Yemen, one of the Arab world's poorest countries, has been devastated by a civil war, so says the famous British Broadcasting corporation online version.

The BBC correctly recalled that the conflict has its roots in the failure of a political transition supposed to bring stability to Yemen following an Arab Spring uprising that forced its longtime authoritarian president, Ali Abdullah Saleh, to hand over power to his deputy Abdrabbuh Mansour Hadi, in 2011.

President Hadi struggled to deal with a variety of problems, including attacks by al-Qaeda, a separatist movement in the south, the continuing loyalty of many military officers to Mr. Saleh, as well as corruption, unemployment and food insecurity.

The Houthi movement, which champions Yemen's Zaidi Shia Muslim minority and fought a series of rebellions against Mr.
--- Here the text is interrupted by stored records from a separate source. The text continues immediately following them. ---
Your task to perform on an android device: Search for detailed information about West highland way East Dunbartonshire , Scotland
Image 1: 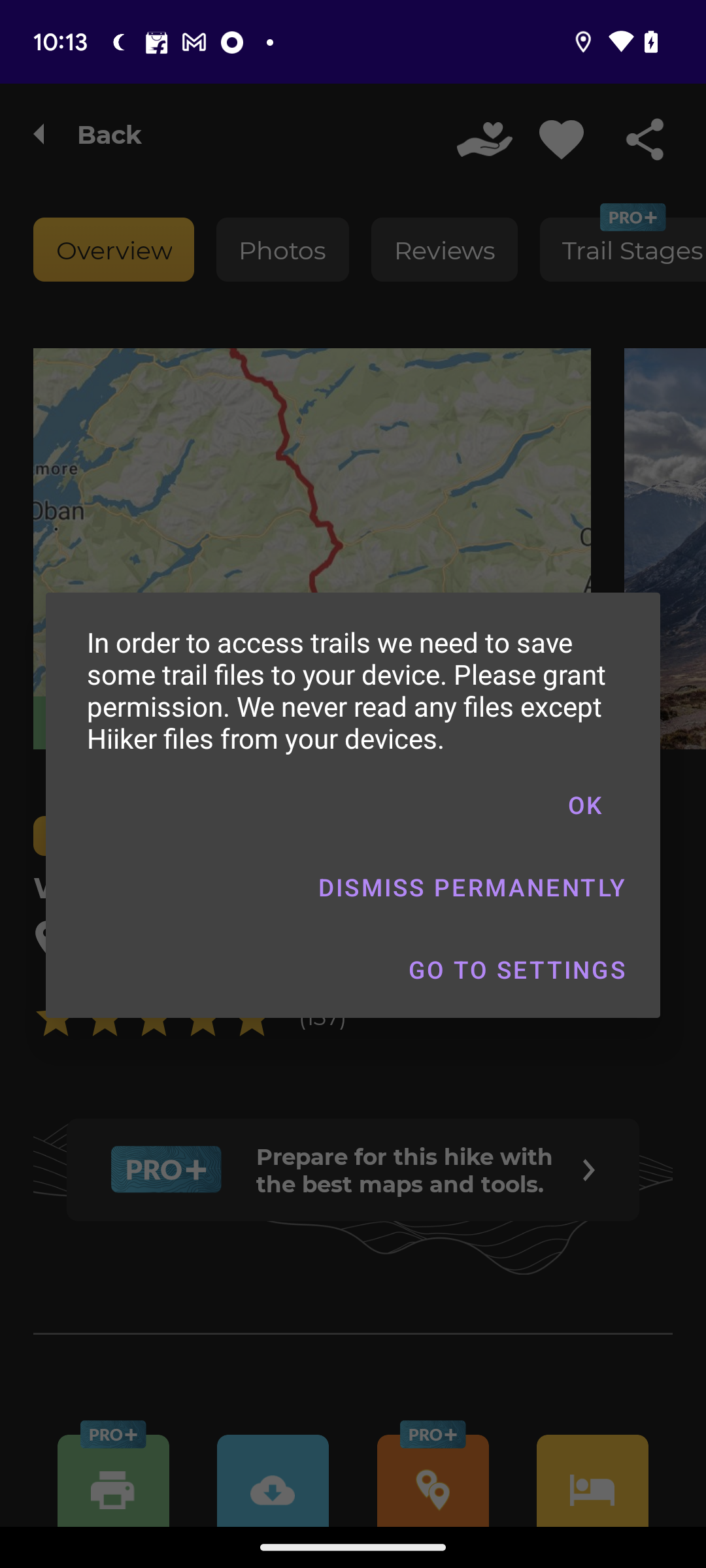
click on the ok button at the popup of the screen 
Step 1: click (584, 805)
Image 2: 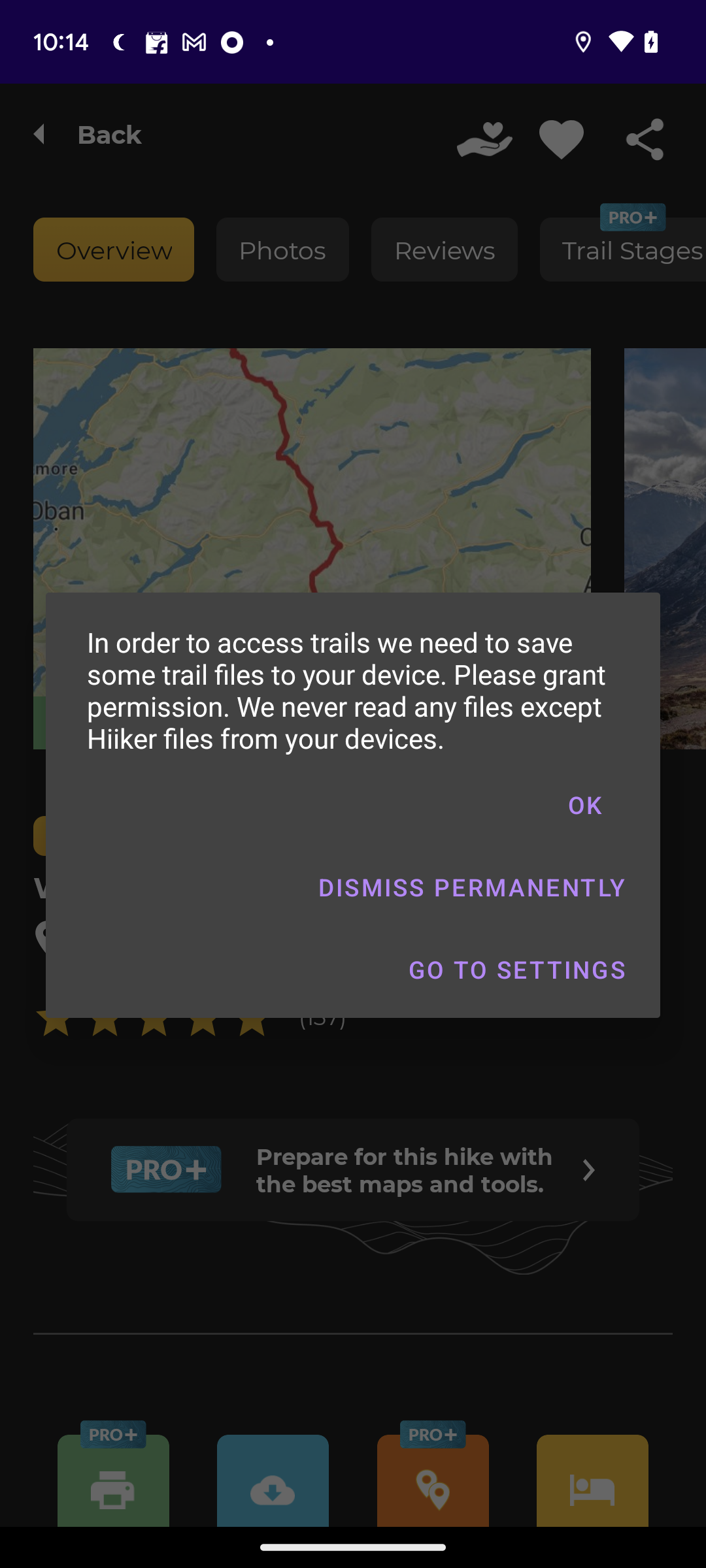
click on the ok button at the popup of the screen 
Step 2: click (584, 805)
Image 3: 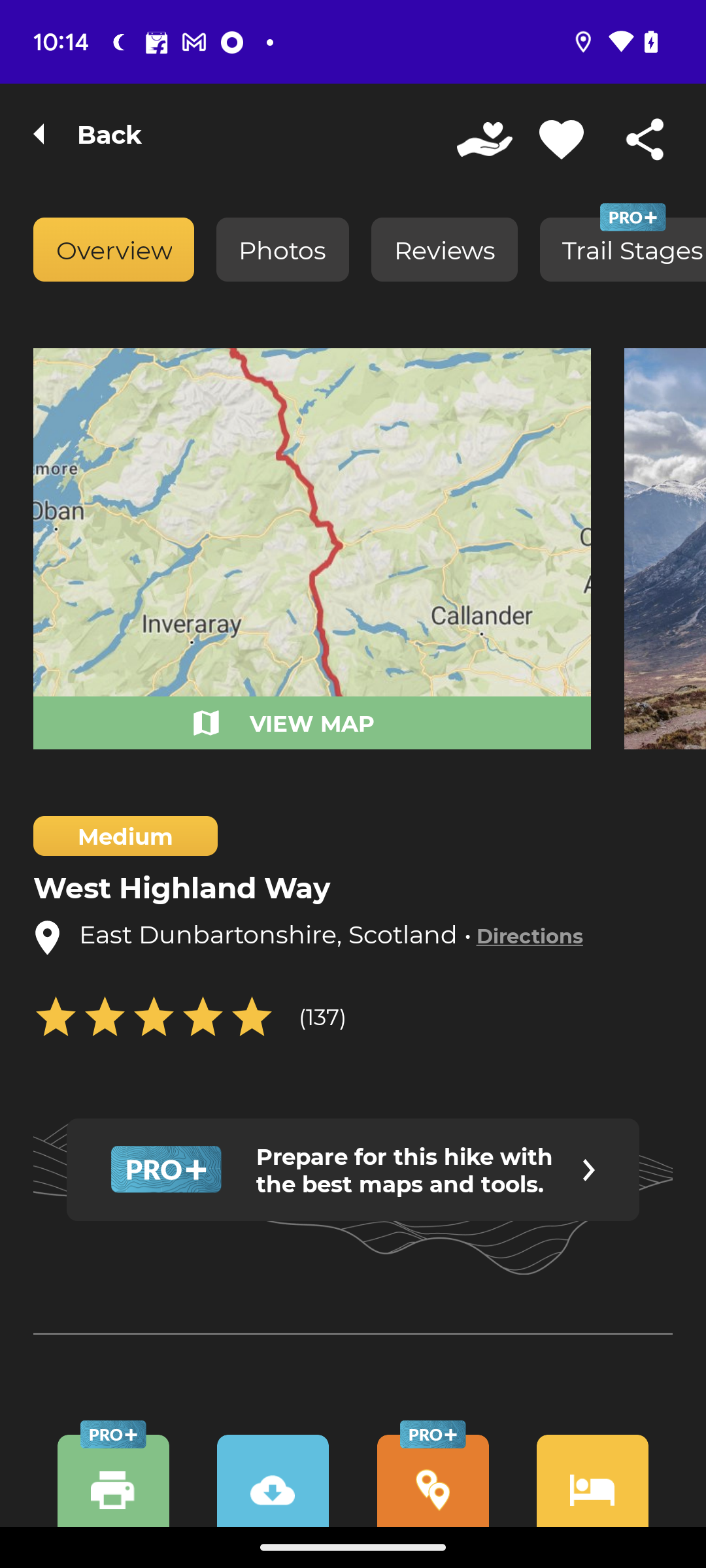
swipe up to view the details information 
Step 3: scroll down
Image 4: 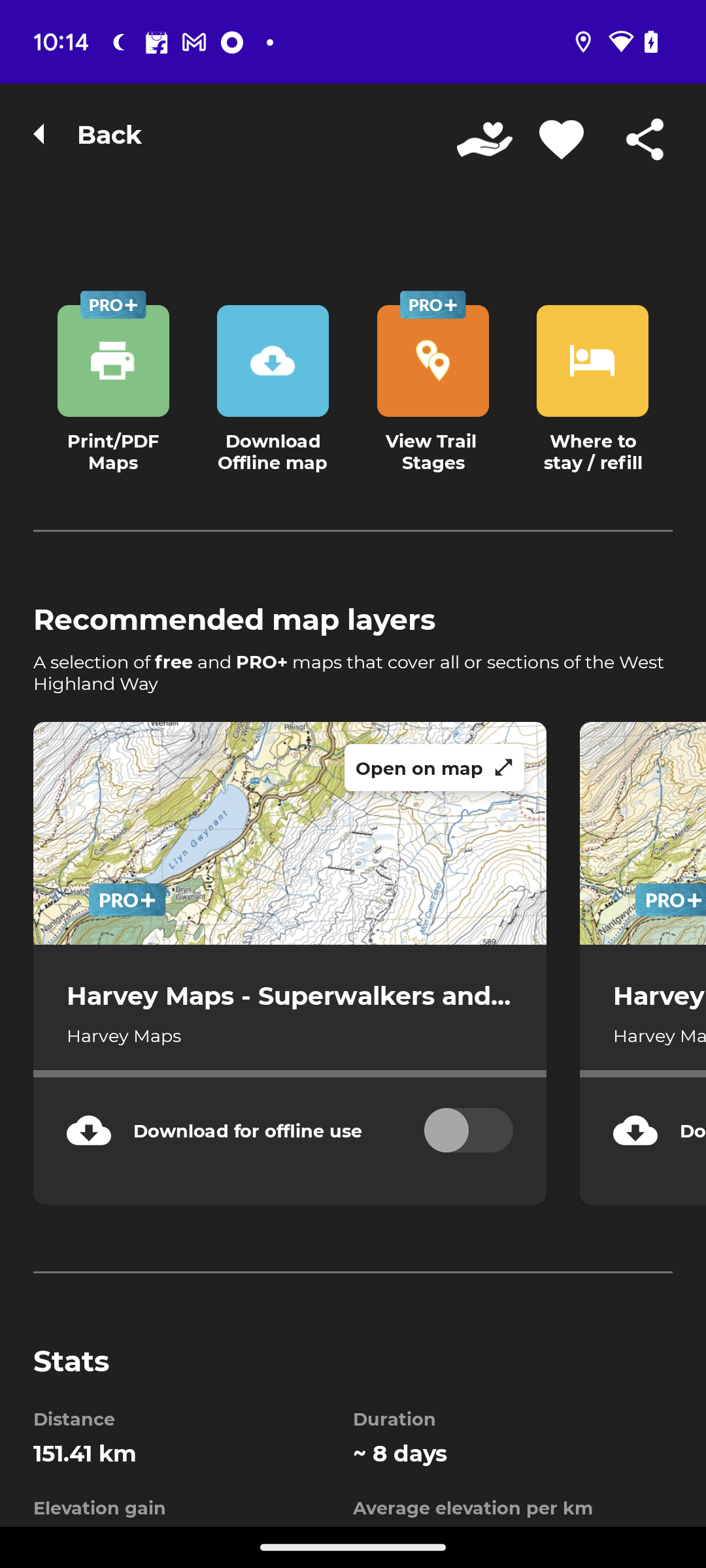
swipe up to view the details information 
Step 4: scroll down
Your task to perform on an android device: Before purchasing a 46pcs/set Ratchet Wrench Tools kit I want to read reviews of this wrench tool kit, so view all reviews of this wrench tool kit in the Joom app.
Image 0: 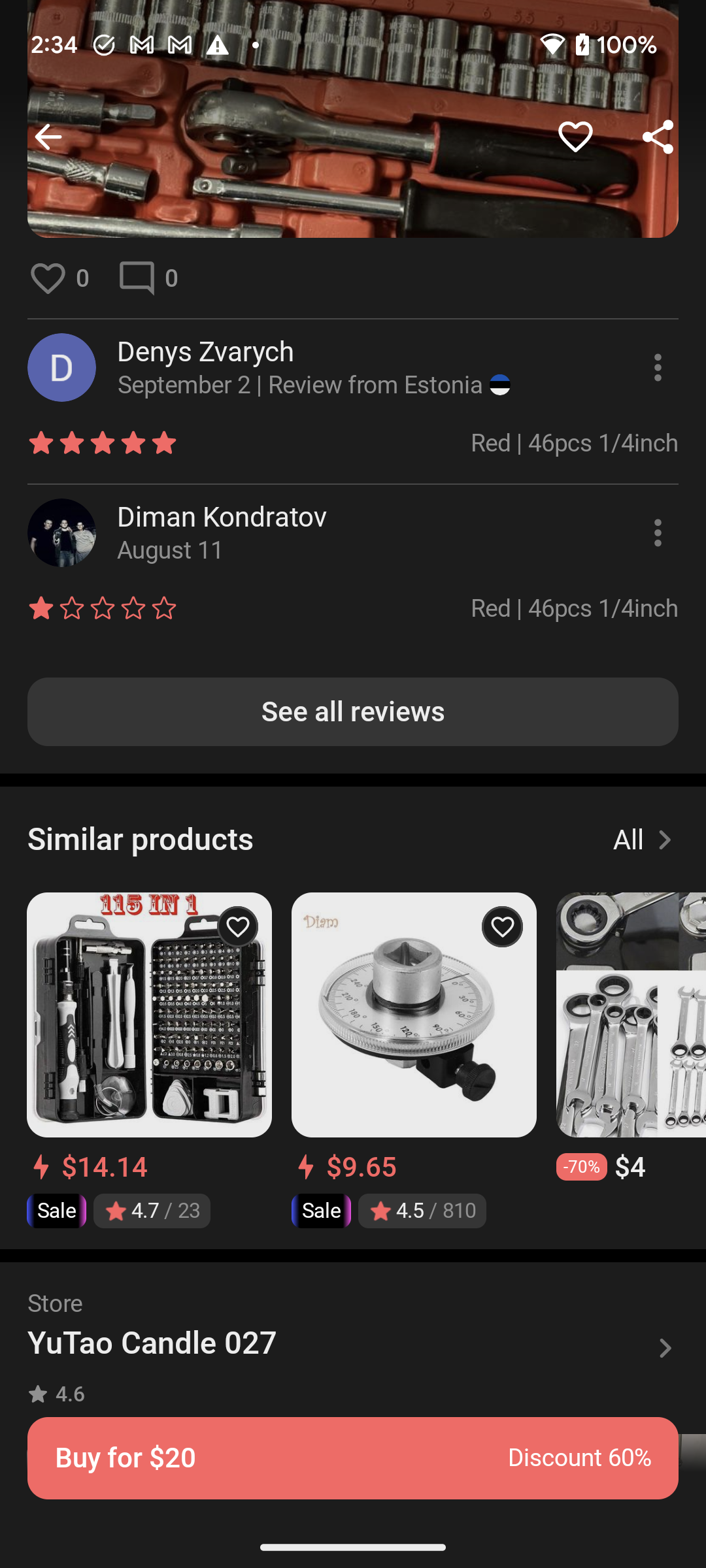
Click on the See all reviews button to view all reviews of this Wrench Tools kit.
Step 0: click (353, 711)
Image 1: 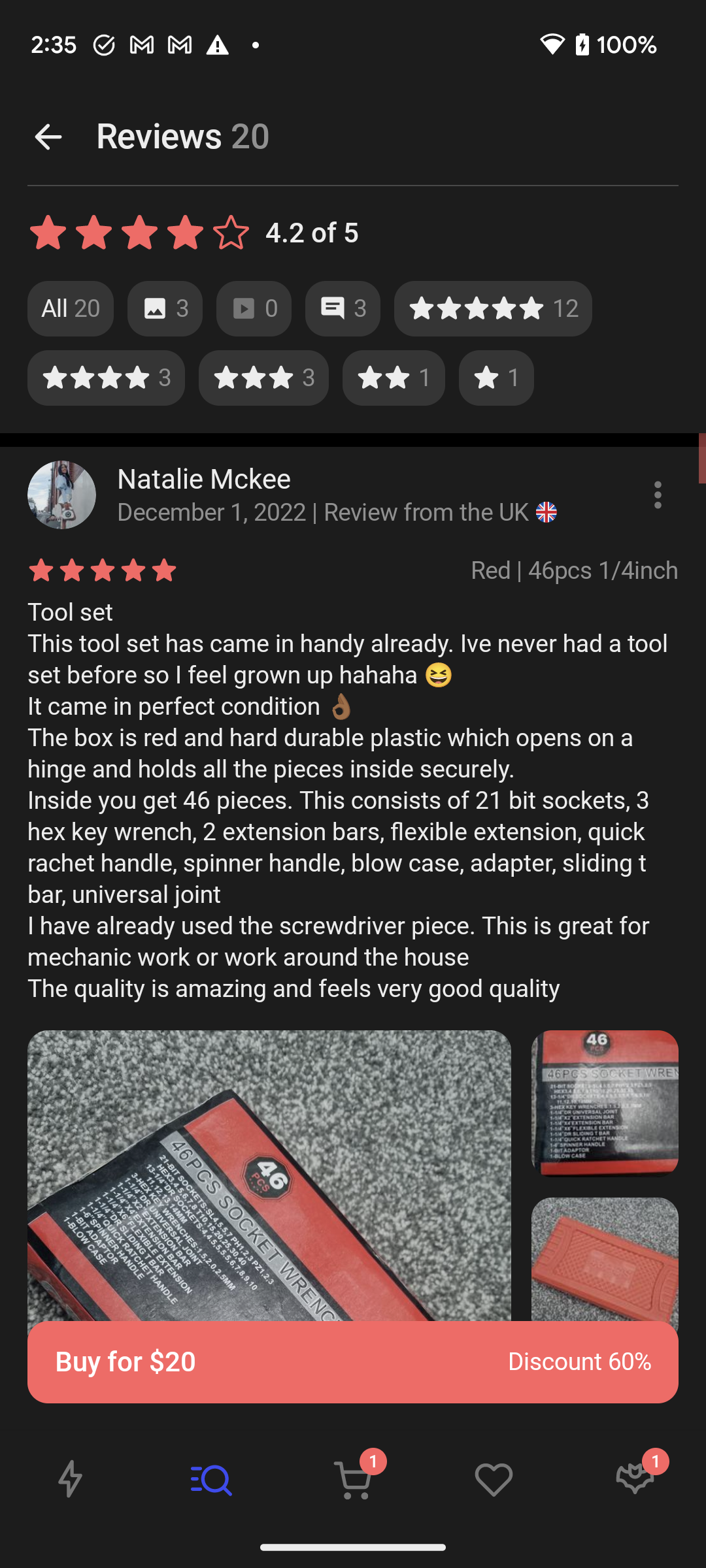
Scroll down to view more reviews.
Step 1: scroll down
Image 2: 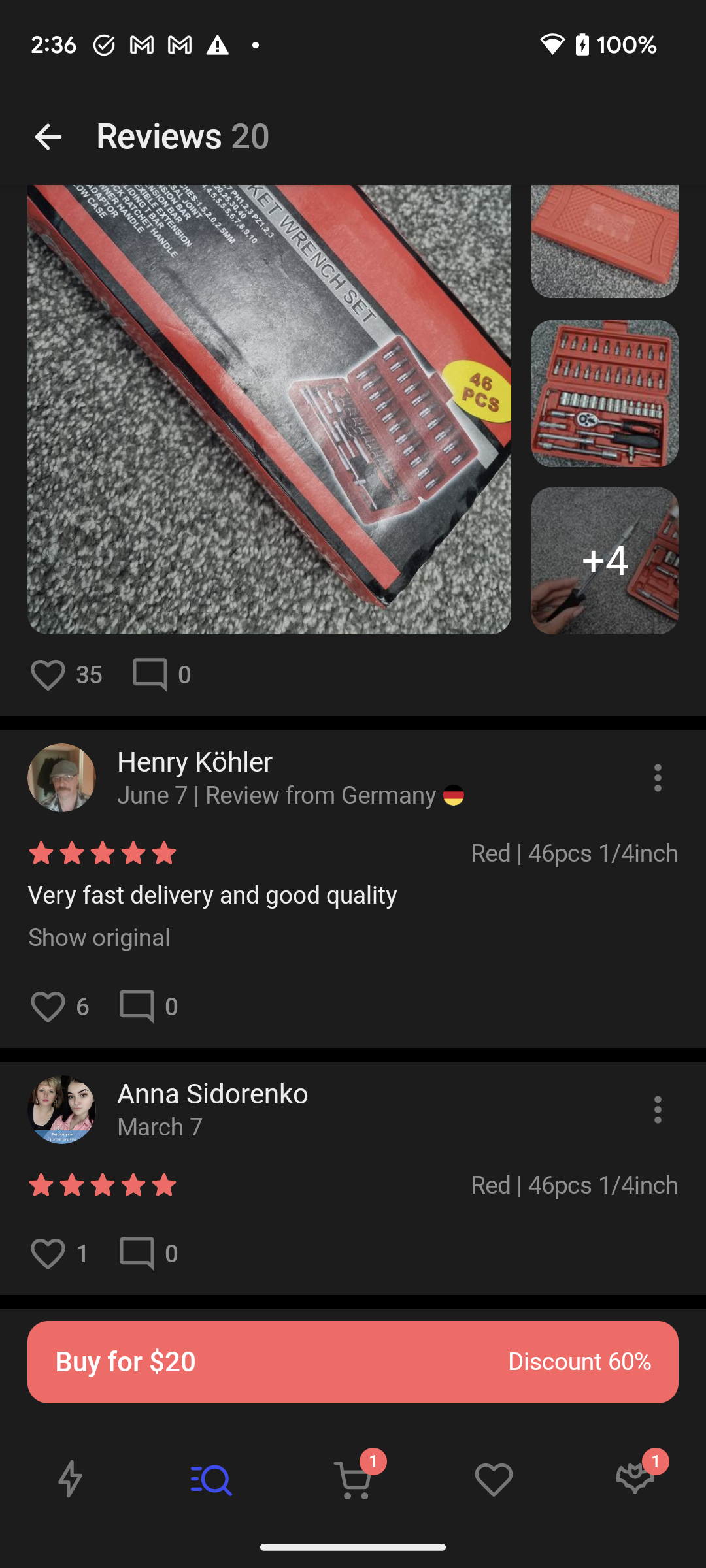
Scroll down to view more reviews.
Step 2: scroll down
Image 3: 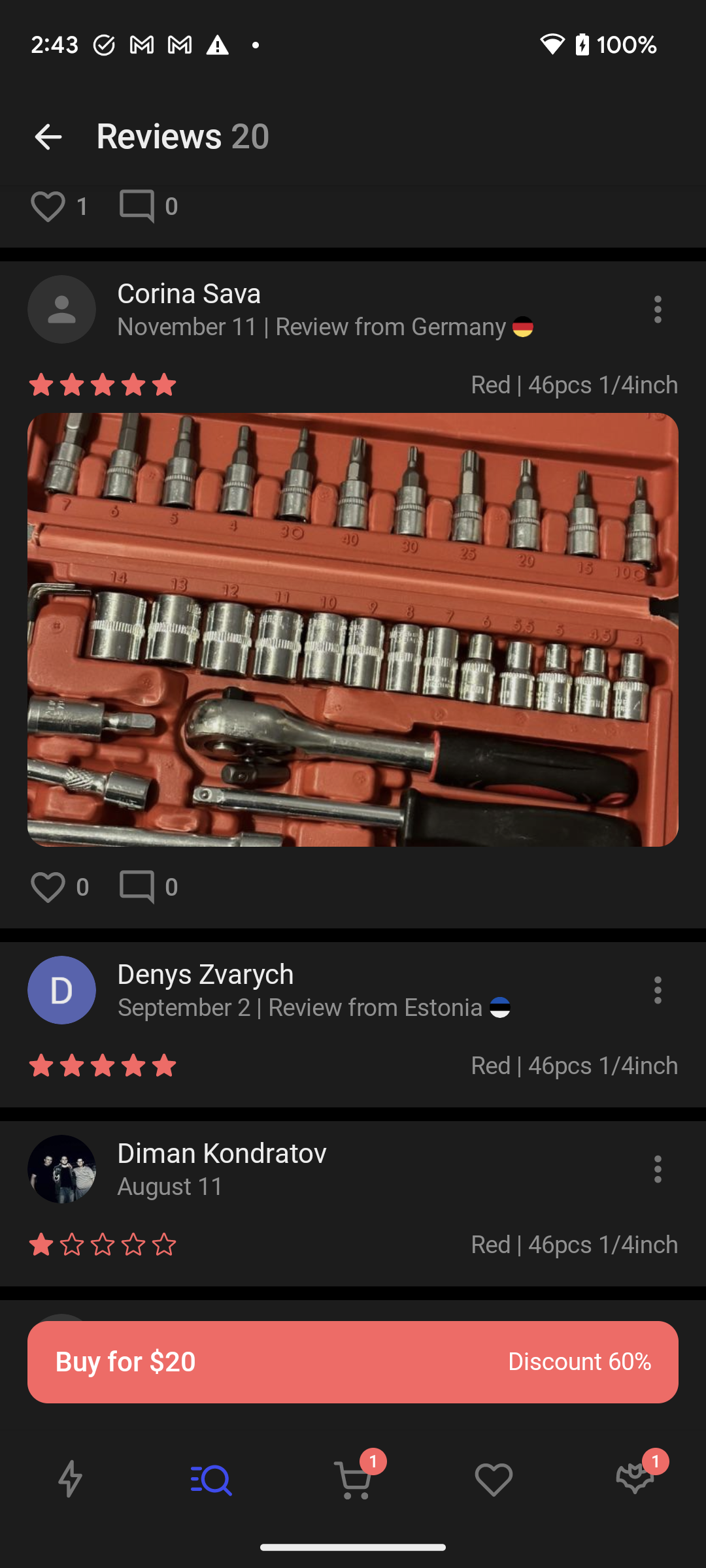
Scroll down to view more reviews.
Step 3: scroll down

Saleh during the previous decade, took advantage of the new president's weakness by taking control of their northern heartland of Saada province and neighbouring areas.

Disillusioned with the transition, many ordinary Yemenis - including Sunnis - supported the Houthis and in late 2014 and early 2015, the rebels took over Sanaa.

The Houthis and security forces loyal to Mr. Saleh - who is thought to have backed his erstwhile enemies in a bid to regain power - then attempted to take control of the entire country, forcing Mr. Hadi to flee abroad in March 2015.

Alarmed by the rise of a group they believed to be backed militarily by regional Shia power Iran, Saudi Arabia and eight other mostly Sunni Arab states began an air campaign aimed at restoring Mr. Hadi's government. The coalition received logistical and intelligence support from the US, UK and France. These much were reported by the number one publicly owned United Kingdom's media conglomerate.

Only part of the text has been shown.